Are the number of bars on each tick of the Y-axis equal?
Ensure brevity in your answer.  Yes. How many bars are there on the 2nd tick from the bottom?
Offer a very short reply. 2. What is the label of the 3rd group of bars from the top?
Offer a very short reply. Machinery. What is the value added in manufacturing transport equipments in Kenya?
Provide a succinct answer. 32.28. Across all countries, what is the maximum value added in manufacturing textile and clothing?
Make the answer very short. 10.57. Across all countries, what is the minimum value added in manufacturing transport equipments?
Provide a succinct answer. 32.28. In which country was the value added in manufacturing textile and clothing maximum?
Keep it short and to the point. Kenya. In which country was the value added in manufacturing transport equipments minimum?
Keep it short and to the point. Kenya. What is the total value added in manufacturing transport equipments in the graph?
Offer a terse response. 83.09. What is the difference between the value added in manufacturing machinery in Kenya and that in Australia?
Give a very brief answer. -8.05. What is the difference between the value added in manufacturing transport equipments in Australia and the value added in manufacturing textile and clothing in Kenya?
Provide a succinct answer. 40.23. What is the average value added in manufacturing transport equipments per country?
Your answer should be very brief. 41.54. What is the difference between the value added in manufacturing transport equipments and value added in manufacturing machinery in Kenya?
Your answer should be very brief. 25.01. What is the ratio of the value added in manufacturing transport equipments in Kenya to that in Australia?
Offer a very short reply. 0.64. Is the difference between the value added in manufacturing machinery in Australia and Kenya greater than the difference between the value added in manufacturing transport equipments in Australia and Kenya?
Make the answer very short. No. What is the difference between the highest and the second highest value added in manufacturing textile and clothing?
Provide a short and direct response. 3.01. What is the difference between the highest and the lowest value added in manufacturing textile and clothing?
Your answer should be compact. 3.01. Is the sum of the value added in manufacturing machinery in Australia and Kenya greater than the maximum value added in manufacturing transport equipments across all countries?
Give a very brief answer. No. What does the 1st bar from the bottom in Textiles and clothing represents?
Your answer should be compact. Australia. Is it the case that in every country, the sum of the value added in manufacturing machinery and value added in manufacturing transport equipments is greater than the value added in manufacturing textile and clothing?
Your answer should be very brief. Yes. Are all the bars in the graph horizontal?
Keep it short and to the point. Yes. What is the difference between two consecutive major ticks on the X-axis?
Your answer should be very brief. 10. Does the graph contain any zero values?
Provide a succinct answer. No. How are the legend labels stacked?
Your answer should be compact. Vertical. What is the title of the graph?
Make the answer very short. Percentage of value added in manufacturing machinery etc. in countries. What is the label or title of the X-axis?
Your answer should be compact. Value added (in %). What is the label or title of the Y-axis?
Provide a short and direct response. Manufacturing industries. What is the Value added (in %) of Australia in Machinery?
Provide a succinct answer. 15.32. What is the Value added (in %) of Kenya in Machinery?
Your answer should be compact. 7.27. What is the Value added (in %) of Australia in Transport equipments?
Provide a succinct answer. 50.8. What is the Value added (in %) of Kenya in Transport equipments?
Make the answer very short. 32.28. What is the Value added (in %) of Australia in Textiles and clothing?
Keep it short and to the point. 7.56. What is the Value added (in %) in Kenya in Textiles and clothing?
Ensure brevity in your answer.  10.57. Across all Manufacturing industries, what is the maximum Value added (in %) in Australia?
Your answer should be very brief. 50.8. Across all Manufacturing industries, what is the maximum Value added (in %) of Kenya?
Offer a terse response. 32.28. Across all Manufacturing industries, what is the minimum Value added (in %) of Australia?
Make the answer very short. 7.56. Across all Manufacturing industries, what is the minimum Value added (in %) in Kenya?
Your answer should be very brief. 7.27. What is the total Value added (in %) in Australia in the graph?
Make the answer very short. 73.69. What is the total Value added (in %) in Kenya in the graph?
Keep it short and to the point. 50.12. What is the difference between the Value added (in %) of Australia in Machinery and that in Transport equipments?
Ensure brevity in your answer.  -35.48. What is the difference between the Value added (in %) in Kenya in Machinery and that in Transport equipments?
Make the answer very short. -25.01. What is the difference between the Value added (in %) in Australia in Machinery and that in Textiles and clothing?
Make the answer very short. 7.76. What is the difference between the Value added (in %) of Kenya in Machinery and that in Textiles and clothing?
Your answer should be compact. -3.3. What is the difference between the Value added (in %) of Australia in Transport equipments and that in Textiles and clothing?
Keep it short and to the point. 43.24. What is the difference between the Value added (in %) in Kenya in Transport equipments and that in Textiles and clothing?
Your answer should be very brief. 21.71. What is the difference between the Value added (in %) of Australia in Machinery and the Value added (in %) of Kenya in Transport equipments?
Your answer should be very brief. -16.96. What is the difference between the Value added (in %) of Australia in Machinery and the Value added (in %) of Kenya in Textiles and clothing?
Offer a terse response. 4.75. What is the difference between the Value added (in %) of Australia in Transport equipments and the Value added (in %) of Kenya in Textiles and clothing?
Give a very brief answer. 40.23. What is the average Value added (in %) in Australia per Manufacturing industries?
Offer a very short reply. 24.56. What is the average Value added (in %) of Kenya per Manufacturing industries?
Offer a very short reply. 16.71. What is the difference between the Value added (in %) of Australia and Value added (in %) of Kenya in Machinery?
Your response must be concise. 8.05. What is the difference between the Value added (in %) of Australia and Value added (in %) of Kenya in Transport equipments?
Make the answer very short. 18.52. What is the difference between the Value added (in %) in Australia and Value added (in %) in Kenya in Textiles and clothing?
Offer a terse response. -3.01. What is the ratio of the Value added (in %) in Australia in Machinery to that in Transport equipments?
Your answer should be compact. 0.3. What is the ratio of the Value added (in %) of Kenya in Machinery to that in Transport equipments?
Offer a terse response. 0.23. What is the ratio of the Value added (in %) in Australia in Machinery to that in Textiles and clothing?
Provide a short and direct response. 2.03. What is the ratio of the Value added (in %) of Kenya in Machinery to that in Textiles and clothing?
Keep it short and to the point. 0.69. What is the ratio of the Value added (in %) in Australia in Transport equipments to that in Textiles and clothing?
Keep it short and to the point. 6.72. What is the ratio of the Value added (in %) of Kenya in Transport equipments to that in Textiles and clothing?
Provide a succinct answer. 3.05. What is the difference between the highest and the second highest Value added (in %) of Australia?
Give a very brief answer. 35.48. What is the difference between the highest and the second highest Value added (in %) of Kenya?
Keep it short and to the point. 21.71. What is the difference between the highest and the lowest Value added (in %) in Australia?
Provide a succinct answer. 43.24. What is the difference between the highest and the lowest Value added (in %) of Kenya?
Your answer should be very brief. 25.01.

^^^^

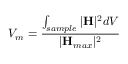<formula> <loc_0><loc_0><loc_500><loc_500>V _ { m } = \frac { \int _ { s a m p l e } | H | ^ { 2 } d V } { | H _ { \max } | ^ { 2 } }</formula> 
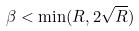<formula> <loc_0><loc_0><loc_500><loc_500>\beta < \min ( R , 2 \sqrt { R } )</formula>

^^^^

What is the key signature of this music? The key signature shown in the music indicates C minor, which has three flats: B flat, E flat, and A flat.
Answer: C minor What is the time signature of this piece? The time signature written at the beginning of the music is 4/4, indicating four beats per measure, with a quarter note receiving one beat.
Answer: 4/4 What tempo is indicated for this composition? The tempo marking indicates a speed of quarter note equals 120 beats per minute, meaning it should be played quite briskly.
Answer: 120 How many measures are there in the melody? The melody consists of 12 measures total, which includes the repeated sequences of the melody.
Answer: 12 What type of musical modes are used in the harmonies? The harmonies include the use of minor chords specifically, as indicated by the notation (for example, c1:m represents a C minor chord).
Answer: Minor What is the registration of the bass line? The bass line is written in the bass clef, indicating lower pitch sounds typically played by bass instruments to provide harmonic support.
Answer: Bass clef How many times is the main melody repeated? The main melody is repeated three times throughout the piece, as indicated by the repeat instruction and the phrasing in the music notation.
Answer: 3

^^^^

### PROBLEM DETAILS
From the records above, retype only the lines starting at the line that contains "Are the number" and ending at the line that contains "Provide a succinct answer. 32.28. Across", both included.

### SOLVED EXERCISE
Are the number of bars on each tick of the Y-axis equal?
Ensure brevity in your answer.  Yes. How many bars are there on the 2nd tick from the bottom?
Offer a very short reply. 2. What is the label of the 3rd group of bars from the top?
Offer a very short reply. Machinery. What is the value added in manufacturing transport equipments in Kenya?
Provide a succinct answer. 32.28. Across all countries, what is the maximum value added in manufacturing textile and clothing?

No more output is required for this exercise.